Personally, I would try to cite sources and make the writing seem less emotional unless making an appeal to emotion is part of the writing prompt. I think your teacher will think you're a sperg if you turn this in but if you try to make it look like you're taking a more objective stance on the topic they'll probably see it as a more convincing argument. say something like "X study shows men 6ft+ are far more likely to be promoted and make up the majority of CEOs" or something to that effect to show the inequality between people with different genetics and how others view them.
 
0/10 because this sounds inkwelly
 
Is this the full assignment? What grade are you in to where you can pass writing this amount of words this looks to be around 500.

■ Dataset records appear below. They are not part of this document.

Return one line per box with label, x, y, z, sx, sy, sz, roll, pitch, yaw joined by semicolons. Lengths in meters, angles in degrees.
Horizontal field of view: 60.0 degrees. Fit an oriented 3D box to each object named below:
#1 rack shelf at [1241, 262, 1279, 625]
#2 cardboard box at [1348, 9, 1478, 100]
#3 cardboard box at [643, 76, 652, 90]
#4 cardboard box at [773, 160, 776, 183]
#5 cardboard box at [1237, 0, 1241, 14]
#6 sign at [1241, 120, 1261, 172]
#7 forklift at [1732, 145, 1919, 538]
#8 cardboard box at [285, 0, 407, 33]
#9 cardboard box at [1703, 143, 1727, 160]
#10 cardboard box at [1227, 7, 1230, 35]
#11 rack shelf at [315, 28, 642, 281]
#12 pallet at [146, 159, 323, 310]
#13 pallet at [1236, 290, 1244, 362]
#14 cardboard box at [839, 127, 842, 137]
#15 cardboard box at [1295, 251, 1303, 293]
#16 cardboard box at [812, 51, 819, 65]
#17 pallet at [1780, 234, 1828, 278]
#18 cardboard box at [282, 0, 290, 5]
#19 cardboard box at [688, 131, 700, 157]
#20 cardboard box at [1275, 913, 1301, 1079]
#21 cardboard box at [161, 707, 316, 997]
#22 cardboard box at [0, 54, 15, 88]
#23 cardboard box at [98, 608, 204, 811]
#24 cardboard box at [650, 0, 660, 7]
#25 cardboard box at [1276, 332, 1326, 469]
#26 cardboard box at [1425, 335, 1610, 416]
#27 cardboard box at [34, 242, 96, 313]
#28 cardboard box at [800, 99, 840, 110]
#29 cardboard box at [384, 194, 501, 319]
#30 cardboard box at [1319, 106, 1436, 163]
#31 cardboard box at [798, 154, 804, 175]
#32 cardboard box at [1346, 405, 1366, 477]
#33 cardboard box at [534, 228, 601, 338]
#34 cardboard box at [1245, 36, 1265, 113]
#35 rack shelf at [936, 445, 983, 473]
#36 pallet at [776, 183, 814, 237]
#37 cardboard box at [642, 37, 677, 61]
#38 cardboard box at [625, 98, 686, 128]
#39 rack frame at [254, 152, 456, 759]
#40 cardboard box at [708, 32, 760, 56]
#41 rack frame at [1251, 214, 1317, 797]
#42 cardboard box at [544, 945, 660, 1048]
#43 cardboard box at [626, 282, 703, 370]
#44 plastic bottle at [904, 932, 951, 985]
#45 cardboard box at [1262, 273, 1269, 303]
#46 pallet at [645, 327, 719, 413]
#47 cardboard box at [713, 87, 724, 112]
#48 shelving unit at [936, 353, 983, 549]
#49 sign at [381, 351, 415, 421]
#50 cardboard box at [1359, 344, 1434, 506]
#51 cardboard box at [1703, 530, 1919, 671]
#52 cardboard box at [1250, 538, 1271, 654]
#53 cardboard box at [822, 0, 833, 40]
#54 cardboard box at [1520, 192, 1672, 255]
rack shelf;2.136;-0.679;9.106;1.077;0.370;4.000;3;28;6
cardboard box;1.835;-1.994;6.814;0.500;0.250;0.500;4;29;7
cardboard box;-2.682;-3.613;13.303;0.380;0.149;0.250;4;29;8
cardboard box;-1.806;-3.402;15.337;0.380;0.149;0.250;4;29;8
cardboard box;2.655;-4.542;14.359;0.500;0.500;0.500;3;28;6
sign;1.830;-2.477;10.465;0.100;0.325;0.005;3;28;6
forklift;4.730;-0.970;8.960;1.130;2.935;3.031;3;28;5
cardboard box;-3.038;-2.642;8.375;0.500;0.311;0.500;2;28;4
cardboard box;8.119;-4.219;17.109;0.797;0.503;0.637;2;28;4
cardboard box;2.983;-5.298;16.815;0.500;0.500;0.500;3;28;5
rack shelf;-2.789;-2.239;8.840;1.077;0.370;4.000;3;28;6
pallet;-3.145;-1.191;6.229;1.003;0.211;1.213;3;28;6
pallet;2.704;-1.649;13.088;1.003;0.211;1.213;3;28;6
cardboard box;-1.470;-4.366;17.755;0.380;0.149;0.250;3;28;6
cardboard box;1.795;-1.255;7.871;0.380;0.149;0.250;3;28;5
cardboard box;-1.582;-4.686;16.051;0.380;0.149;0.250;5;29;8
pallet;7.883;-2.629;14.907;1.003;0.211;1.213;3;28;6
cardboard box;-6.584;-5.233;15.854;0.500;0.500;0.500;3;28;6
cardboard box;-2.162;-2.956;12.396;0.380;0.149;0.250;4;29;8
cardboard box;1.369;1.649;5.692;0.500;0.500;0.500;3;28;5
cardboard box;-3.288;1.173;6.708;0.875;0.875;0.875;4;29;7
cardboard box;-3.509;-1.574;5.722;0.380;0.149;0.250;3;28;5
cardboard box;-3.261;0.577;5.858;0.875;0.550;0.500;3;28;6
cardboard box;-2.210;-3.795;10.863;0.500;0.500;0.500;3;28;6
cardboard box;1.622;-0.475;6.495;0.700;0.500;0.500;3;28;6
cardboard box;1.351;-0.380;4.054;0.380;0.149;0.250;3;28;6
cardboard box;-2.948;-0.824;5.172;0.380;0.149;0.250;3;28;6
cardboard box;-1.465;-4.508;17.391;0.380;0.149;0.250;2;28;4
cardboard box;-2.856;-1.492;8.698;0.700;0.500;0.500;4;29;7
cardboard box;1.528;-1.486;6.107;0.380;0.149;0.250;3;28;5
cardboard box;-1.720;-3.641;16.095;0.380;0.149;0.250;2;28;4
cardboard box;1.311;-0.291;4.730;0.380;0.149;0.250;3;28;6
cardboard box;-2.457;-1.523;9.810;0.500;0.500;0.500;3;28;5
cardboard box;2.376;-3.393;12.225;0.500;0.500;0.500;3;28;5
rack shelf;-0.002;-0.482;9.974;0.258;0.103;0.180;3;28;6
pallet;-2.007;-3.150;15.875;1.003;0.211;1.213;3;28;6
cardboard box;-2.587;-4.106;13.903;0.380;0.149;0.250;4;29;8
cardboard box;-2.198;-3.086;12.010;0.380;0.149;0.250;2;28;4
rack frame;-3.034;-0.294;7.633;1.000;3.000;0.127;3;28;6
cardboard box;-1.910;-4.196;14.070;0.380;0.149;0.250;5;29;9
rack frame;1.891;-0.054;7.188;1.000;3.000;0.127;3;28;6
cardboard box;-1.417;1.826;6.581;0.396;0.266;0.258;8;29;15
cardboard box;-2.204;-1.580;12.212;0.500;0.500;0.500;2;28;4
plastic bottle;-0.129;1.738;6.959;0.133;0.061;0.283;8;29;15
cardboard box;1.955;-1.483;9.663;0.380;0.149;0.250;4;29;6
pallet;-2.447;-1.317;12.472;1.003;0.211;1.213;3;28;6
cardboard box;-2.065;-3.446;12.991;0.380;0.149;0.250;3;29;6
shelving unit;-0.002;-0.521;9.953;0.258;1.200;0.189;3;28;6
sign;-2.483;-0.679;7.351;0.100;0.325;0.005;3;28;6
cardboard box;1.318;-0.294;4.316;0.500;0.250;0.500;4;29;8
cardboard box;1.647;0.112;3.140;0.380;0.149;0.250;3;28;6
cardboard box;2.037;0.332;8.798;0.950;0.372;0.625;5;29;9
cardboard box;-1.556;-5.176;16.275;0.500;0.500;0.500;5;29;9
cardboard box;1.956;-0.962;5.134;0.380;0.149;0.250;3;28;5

"But yet" is not proper grammar.
Just say appearance or just say physical attractiveness instead of "appearance or looks".

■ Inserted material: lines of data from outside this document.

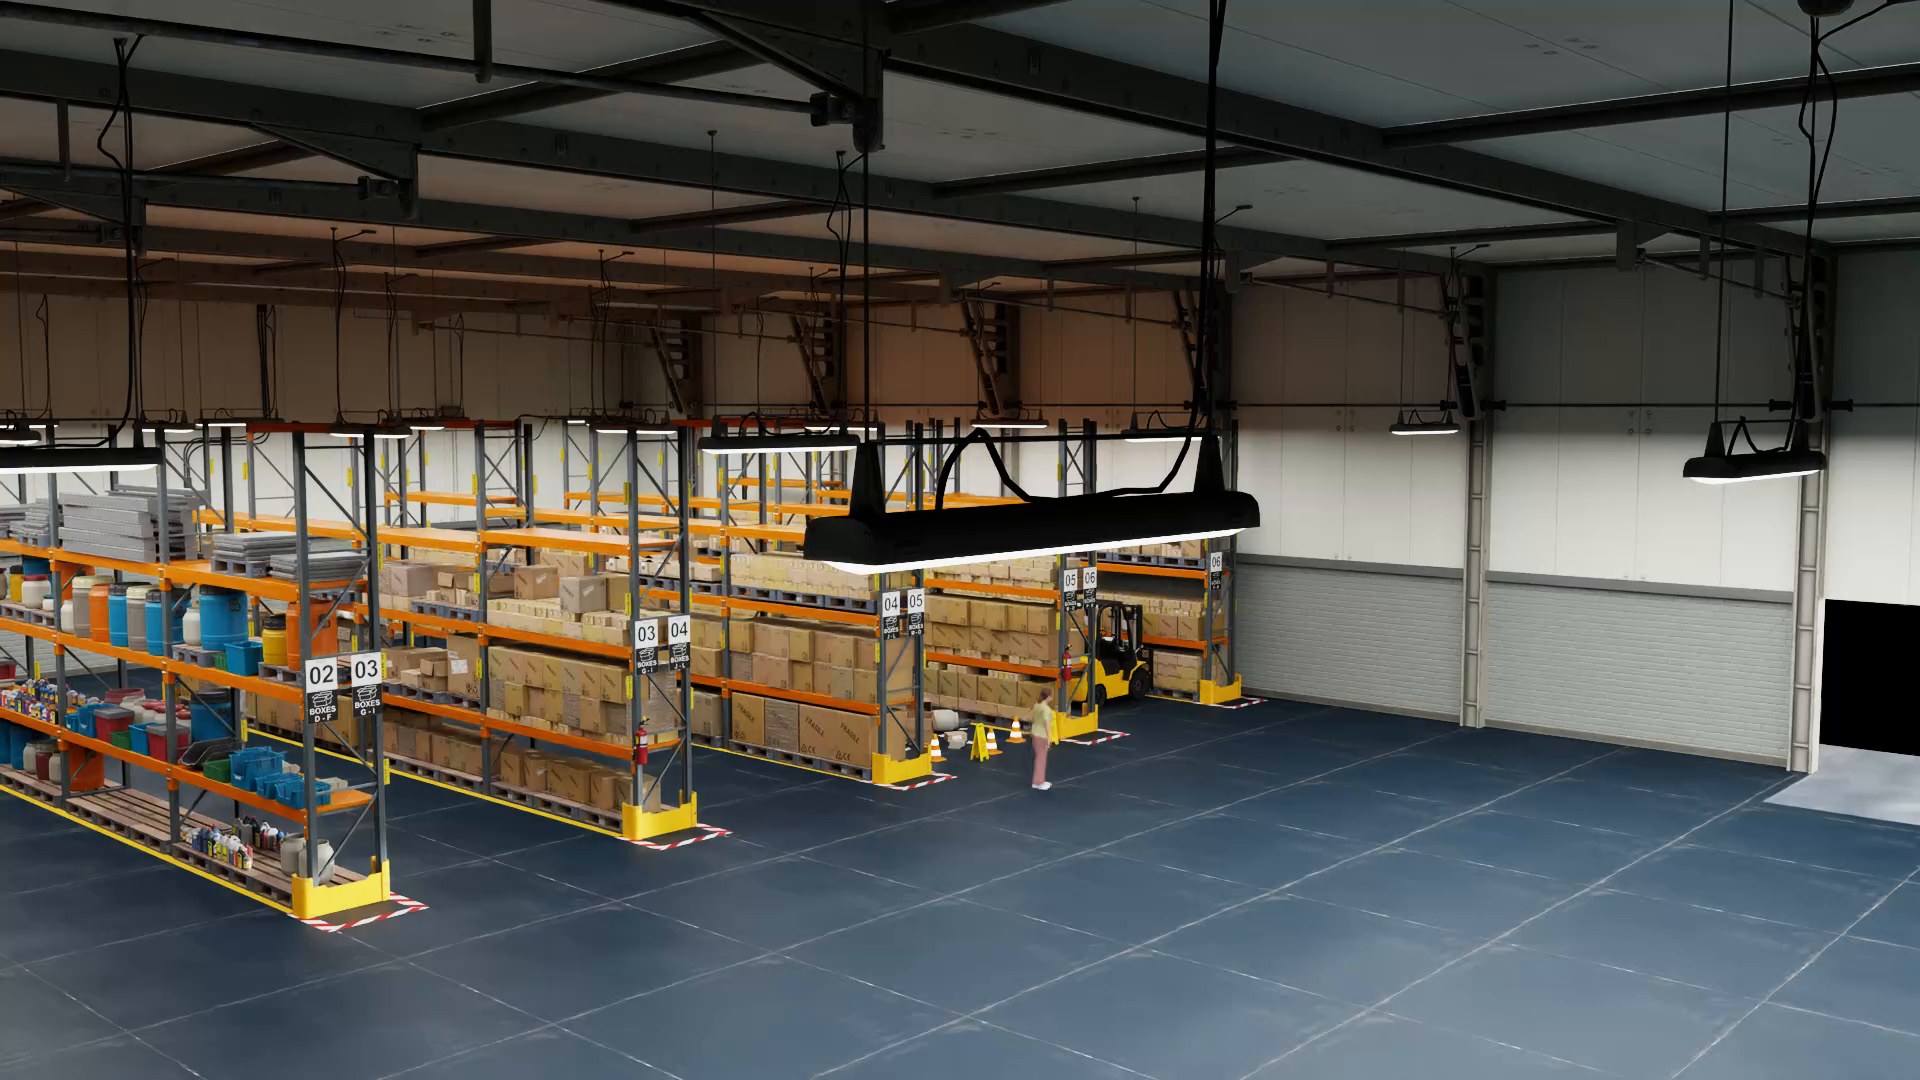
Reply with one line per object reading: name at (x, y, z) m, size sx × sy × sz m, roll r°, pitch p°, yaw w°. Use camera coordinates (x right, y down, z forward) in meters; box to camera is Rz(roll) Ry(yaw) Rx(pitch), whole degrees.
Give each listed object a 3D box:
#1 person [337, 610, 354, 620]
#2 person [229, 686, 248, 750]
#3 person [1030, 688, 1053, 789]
person at (-14.716, 2.198, 40.073) m, size 0.609 × 1.733 × 0.998 m, roll -2°, pitch 5°, yaw -19°
person at (-12.846, 3.095, 29.621) m, size 0.410 × 1.703 × 0.526 m, roll 0°, pitch 5°, yaw -1°
person at (1.347, 3.263, 27.402) m, size 0.360 × 1.683 × 0.486 m, roll -2°, pitch 5°, yaw -22°
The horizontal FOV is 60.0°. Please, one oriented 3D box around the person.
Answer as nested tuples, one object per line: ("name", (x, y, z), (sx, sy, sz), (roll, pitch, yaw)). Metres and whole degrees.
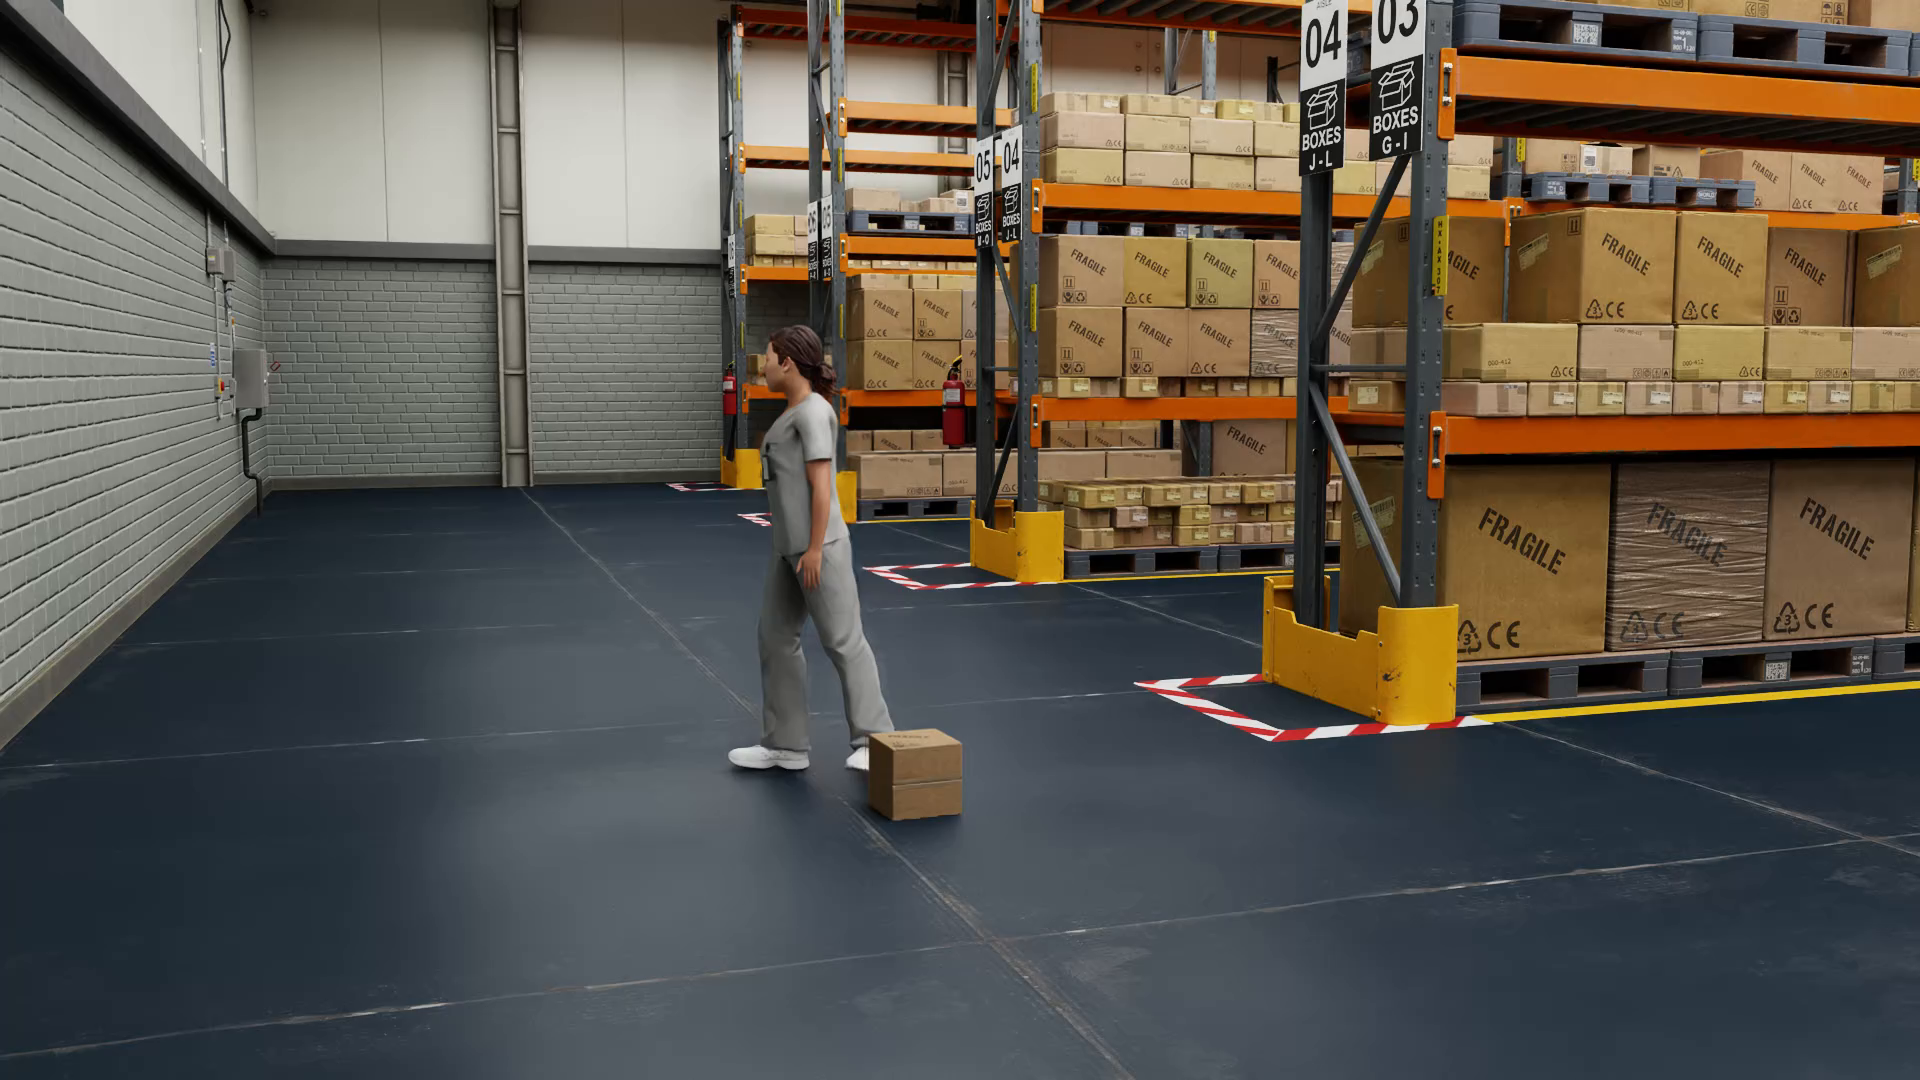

Also when you wrote "If they say the same thing (like morning beautiful)" why would you include the "like" part in the quote instead of "if they say the same thing like (morning beautiful)."
When mentioning halo effect you wrote "search it up", provide your own evidence or at least paraphrase briefly what it means you lazy retard.
Why would you randomly bring up immigration and tie racism to lookism WITHOUT EVEN PROVIDING EVIDENCE??? It makes 0 fucking sense and it is not even true as foids are more democrat leaning who happen to be the party that supports immigration.
When you write about the Indian janitor you just start a new sentence with no punctuation. Also the default font looks like shit.

There are so many problems with this I could have made this reply much longer if I wasn't on my phone.
TLDR: This is a fucking awful essay and I would be embarrassed if I wrote that. You should delete it all and start from scratch if you still can.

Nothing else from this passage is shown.